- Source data
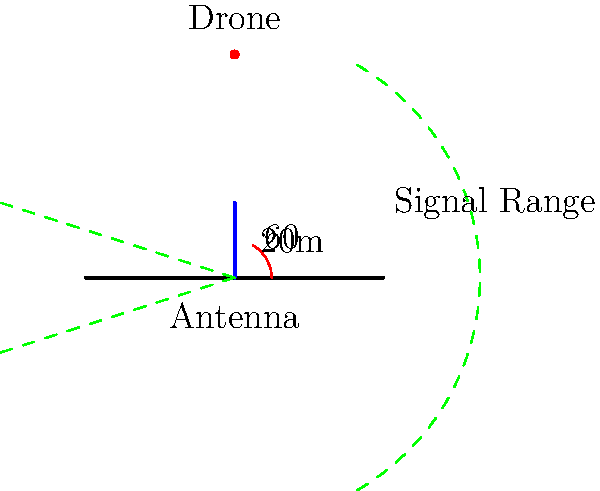As an avid tech enthusiast, you've just purchased a new drone from Amazon. The drone's manual states that its controller has a maximum signal range when the antenna is perfectly vertical. If the antenna is 20 meters tall and the maximum signal angle from the vertical is 60°, what is the approximate maximum range of the drone's signal on flat ground? (Assume the Earth's curvature is negligible for this distance.) Let's approach this step-by-step using trigonometry:

1) We can treat this as a right triangle problem, where:
   - The antenna height is the adjacent side (20 meters)
   - The signal range is the hypotenuse
   - The angle between these is 60°

2) In a right triangle, the cosine of an angle is the ratio of the adjacent side to the hypotenuse:

   $$\cos(60°) = \frac{\text{adjacent}}{\text{hypotenuse}} = \frac{20}{\text{range}}$$

3) We know that $\cos(60°) = \frac{1}{2}$, so we can substitute this:

   $$\frac{1}{2} = \frac{20}{\text{range}}$$

4) To solve for the range, we multiply both sides by 'range':

   $$\frac{1}{2} \cdot \text{range} = 20$$

5) Then multiply both sides by 2:

   $$\text{range} = 20 \cdot 2 = 40$$

Therefore, the maximum range of the drone's signal is approximately 40 meters.
Answer: 40 meters

- Problem to work on
Identify the lines of the data that contain the word "text". Copy each of them.

- Output of the task
   $$\cos(60°) = \frac{\text{adjacent}}{\text{hypotenuse}} = \frac{20}{\text{range}}$$
   $$\frac{1}{2} = \frac{20}{\text{range}}$$
   $$\frac{1}{2} \cdot \text{range} = 20$$
   $$\text{range} = 20 \cdot 2 = 40$$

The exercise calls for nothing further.